Drop the pictures and repeat exactly from the "Reply in this" line down to the last line of the entries below.

=== Begin Enclosure ===

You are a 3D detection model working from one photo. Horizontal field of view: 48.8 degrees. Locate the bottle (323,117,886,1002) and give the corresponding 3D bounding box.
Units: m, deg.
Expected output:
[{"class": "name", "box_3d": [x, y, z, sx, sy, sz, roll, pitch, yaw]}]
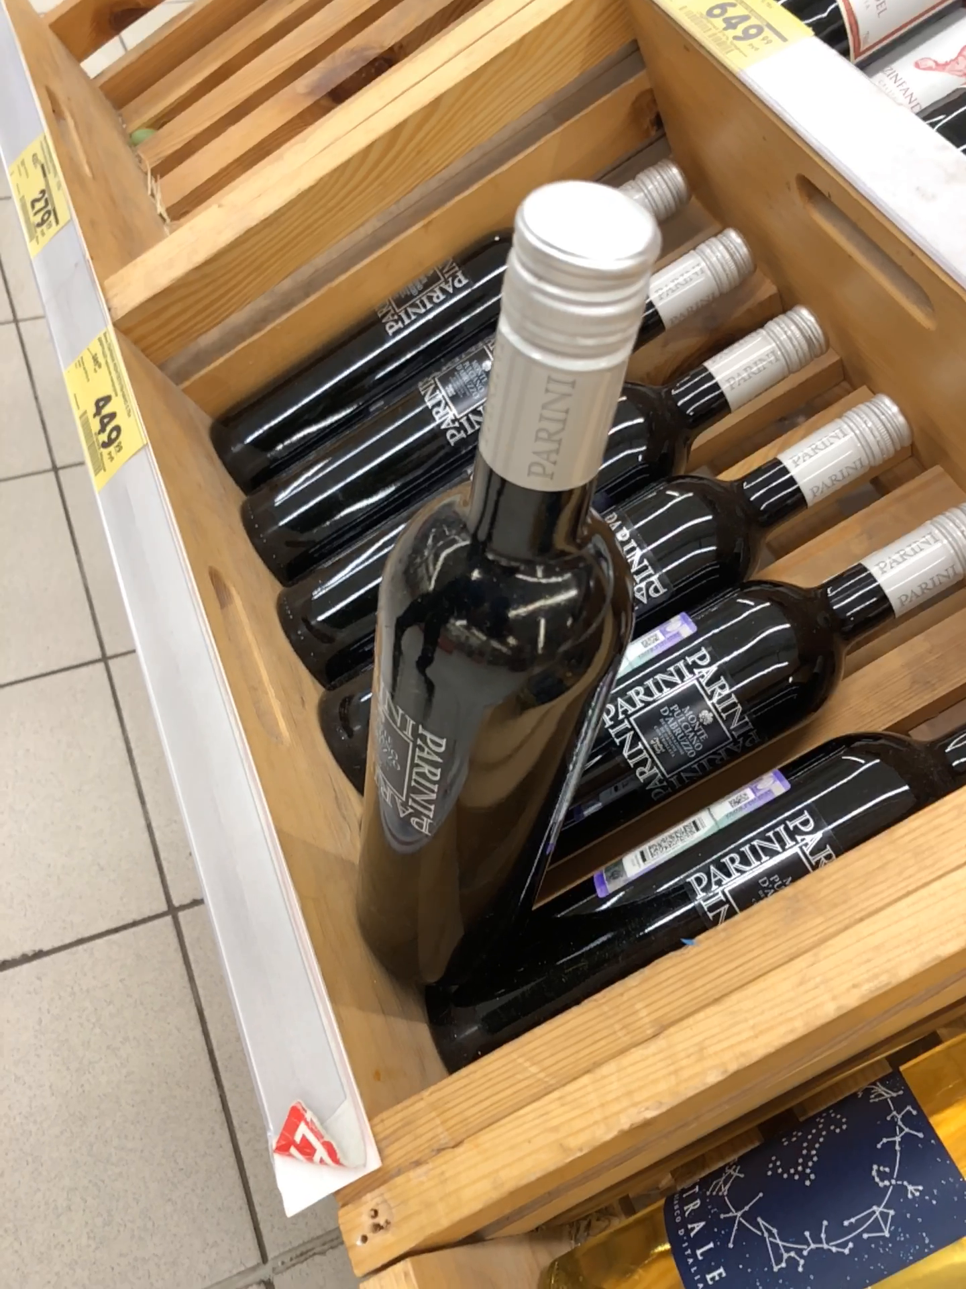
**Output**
[{"class": "bottle", "box_3d": [0.003, 0.006, 0.317, 0.080, 0.279, 0.090, -5, 53, -15]}]
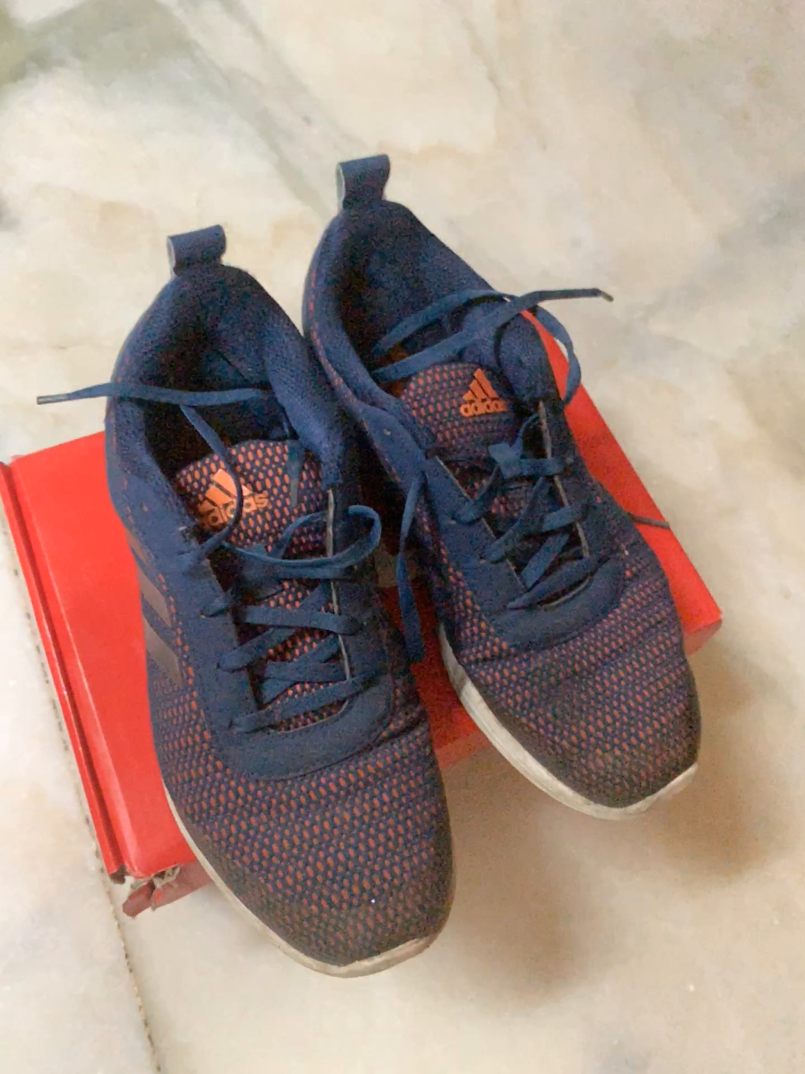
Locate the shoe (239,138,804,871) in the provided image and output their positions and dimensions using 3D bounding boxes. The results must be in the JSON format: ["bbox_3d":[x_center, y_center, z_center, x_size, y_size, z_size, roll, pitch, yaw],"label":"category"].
[{"bbox_3d":[0.038,-0.022,0.345,0.100,0.080,0.281,-24,72,-16],"label":"shoe"}]

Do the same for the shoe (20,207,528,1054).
[{"bbox_3d":[-0.064,0.022,0.348,0.100,0.100,0.301,-16,70,-13],"label":"shoe"}]
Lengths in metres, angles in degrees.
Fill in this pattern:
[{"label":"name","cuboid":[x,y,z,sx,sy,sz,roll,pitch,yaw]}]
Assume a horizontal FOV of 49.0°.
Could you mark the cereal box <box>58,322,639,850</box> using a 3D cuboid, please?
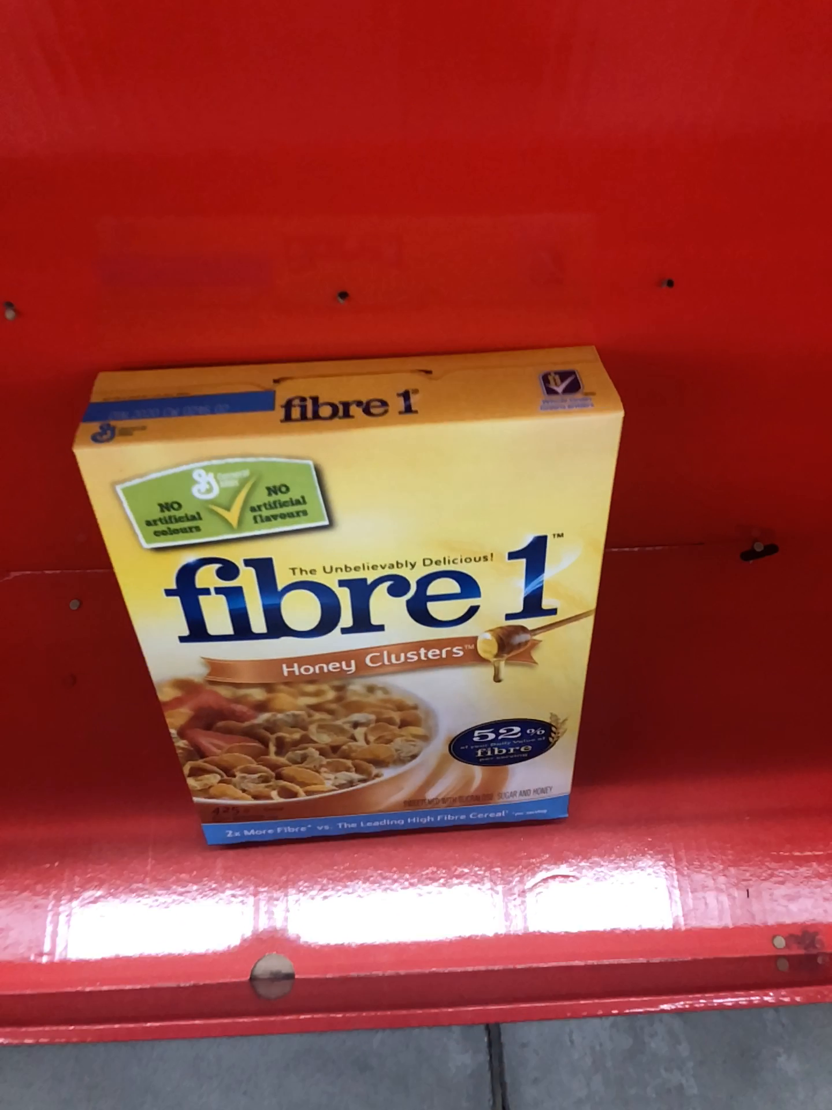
[{"label":"cereal box","cuboid":[-0.021,0.033,0.440,0.210,0.269,0.060,-4,40,-1]}]
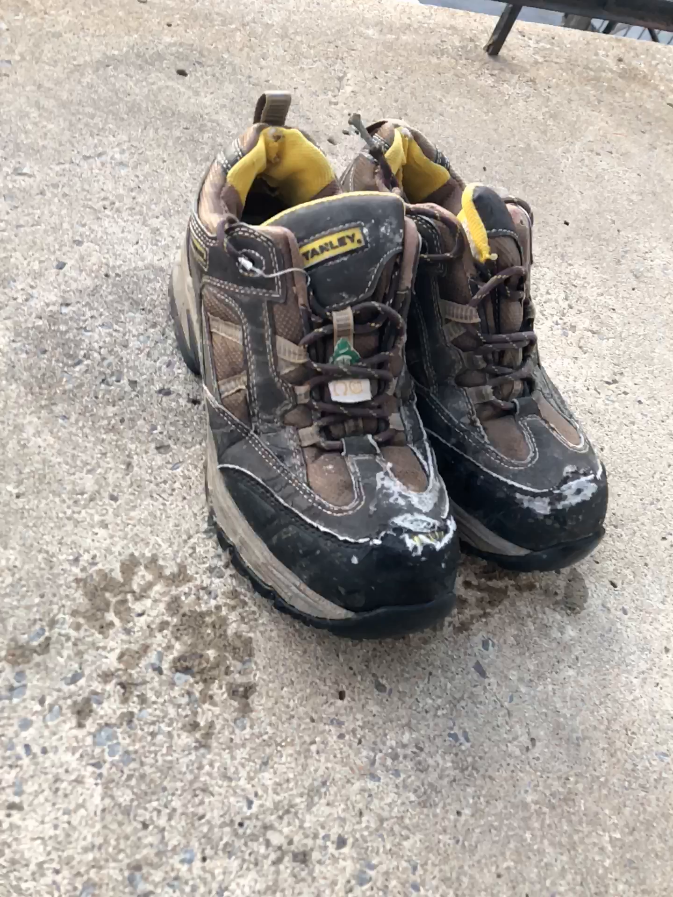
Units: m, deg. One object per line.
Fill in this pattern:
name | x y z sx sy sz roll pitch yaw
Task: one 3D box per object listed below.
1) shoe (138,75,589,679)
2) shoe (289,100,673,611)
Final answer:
shoe | -0.014 -0.040 0.377 0.100 0.149 0.251 -9 61 -27
shoe | 0.086 -0.056 0.442 0.120 0.169 0.231 -9 61 -27
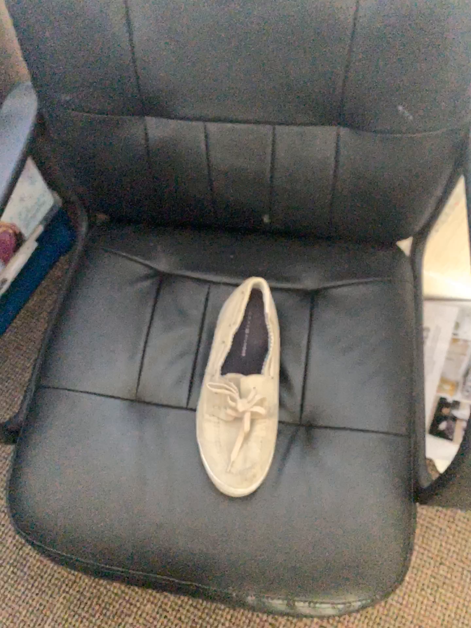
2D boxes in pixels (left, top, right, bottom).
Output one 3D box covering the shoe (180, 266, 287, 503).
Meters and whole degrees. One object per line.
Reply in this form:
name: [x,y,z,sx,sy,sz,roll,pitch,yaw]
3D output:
shoe: [0.005,0.079,0.594,0.100,0.070,0.271,4,65,4]
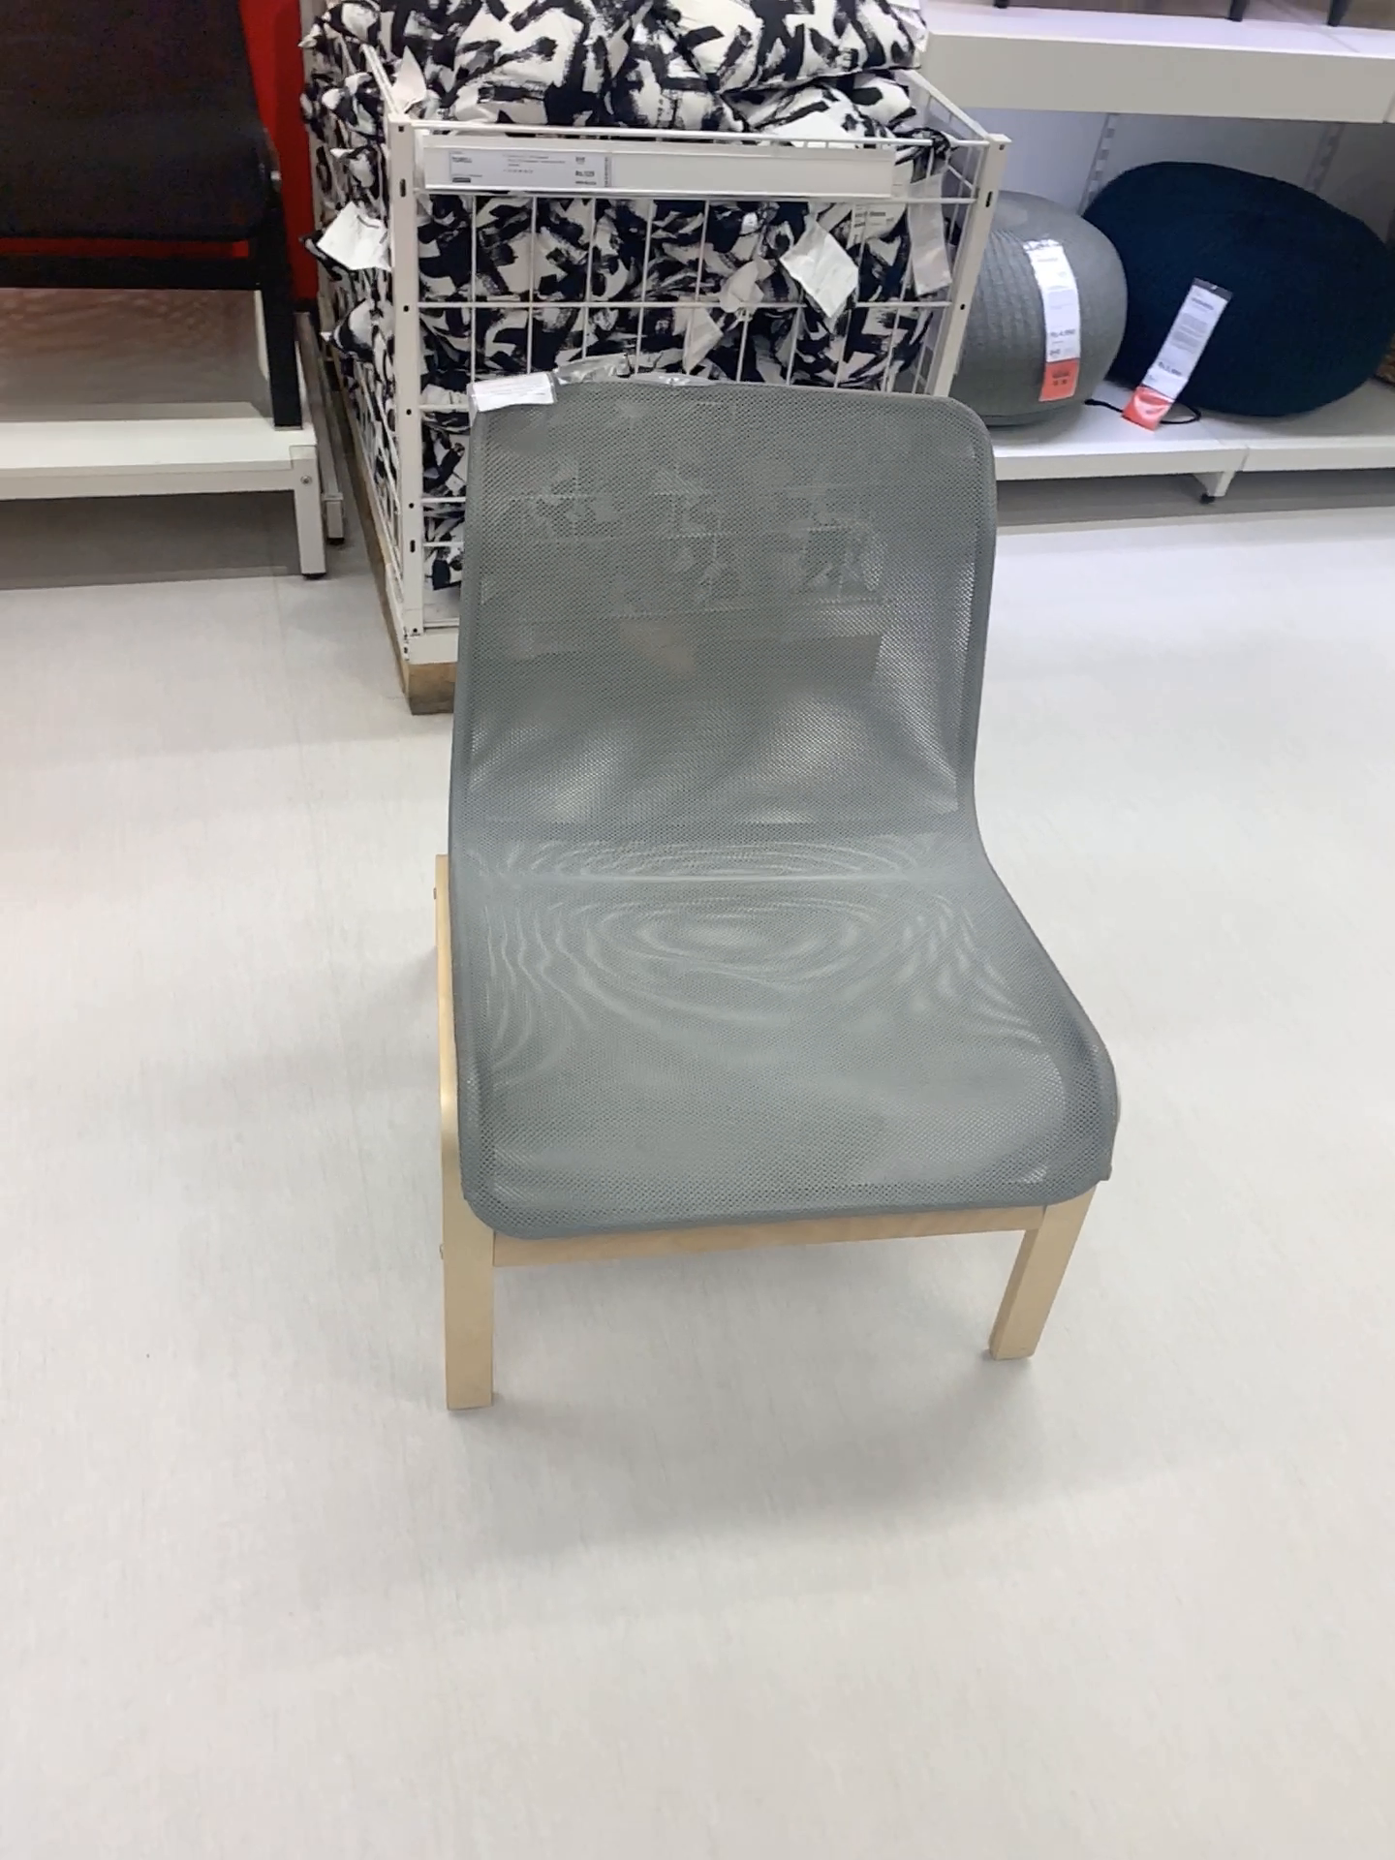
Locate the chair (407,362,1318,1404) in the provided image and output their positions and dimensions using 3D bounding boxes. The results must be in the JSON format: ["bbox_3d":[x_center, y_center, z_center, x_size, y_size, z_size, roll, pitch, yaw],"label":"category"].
[{"bbox_3d":[0.036,-0.058,1.453,0.630,0.697,0.753,-1,46,-11],"label":"chair"}]

=== End Enclosure ===

▸ Exercise output:
Reply in this form:
name: [x,y,z,sx,sy,sz,roll,pitch,yaw]
3D output:
shoe: [0.005,0.079,0.594,0.100,0.070,0.271,4,65,4]
Locate the chair (407,362,1318,1404) in the provided image and output their positions and dimensions using 3D bounding boxes. The results must be in the JSON format: ["bbox_3d":[x_center, y_center, z_center, x_size, y_size, z_size, roll, pitch, yaw],"label":"category"].
[{"bbox_3d":[0.036,-0.058,1.453,0.630,0.697,0.753,-1,46,-11],"label":"chair"}]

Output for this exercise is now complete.